# Task brief
Your answer should hold all lines of the entries that include the word "many".

Segment Open

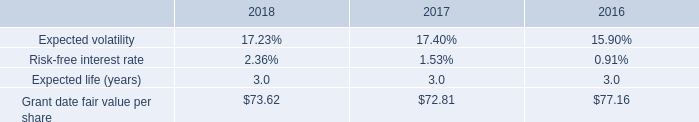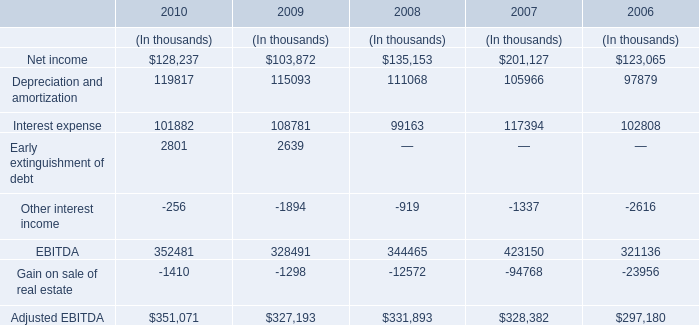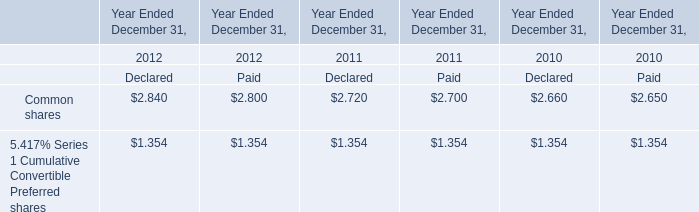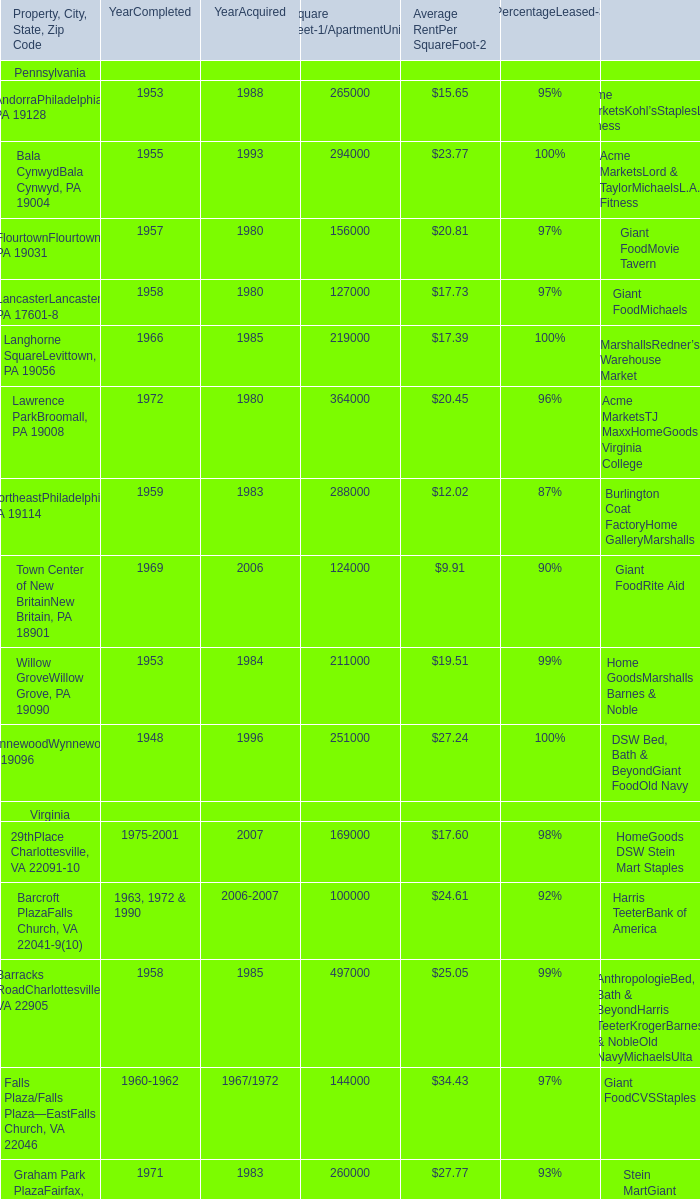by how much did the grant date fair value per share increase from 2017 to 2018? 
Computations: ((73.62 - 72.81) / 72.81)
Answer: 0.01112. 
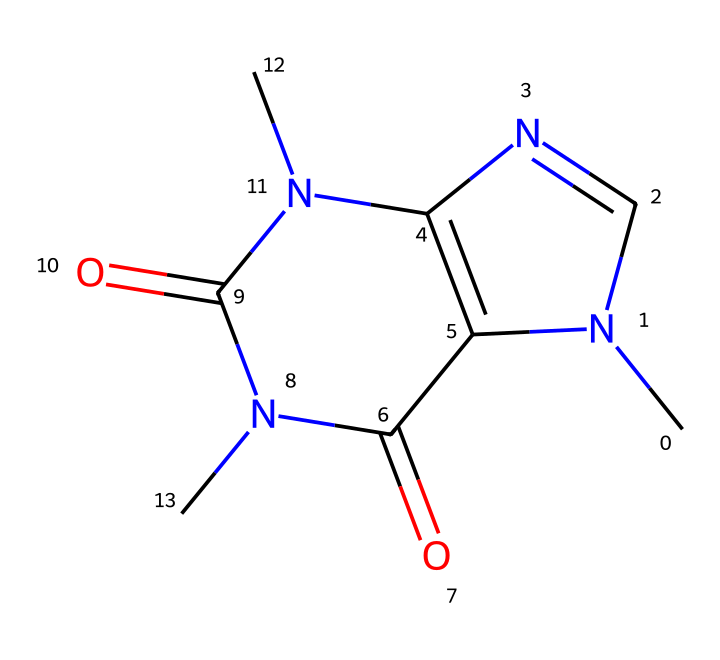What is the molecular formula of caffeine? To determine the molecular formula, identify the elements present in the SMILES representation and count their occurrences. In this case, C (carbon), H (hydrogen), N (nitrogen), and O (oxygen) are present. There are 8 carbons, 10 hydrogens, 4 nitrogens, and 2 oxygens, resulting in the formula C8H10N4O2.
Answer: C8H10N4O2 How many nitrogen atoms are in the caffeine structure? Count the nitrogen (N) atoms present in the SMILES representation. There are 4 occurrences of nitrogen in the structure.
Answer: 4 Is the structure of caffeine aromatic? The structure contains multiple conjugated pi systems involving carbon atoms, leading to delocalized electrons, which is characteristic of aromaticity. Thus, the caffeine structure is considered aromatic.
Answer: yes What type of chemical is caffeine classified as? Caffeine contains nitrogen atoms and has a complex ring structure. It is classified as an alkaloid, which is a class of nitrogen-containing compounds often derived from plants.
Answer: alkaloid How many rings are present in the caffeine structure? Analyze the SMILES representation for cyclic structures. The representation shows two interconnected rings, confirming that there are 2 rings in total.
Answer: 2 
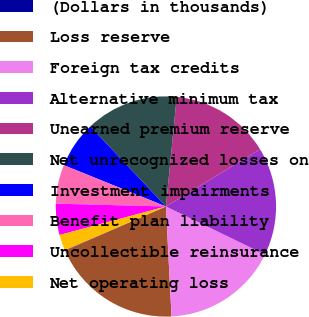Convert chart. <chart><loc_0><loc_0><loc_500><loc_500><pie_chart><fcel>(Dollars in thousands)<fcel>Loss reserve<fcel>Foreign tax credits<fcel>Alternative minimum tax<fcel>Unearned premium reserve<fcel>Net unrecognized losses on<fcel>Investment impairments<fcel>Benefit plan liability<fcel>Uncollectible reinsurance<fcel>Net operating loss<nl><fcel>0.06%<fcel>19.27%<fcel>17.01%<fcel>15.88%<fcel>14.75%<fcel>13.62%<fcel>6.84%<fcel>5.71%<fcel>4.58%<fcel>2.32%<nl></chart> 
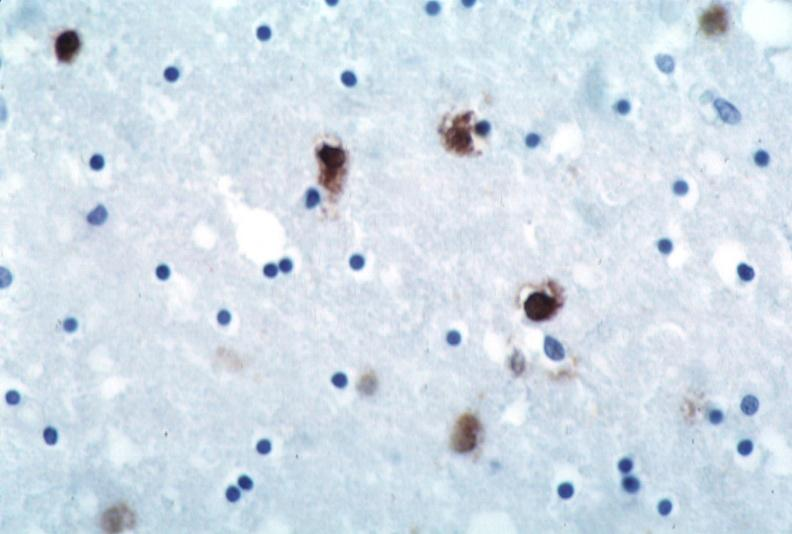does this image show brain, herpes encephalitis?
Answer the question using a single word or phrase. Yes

Segment Closed

# Answer box
Answer: C8H10N4O2 How many nitrogen atoms are in the caffeine structure? Count the nitrogen (N) atoms present in the SMILES representation. There are 4 occurrences of nitrogen in the structure.
Answer: alkaloid How many rings are present in the caffeine structure? Analyze the SMILES representation for cyclic structures. The representation shows two interconnected rings, confirming that there are 2 rings in total.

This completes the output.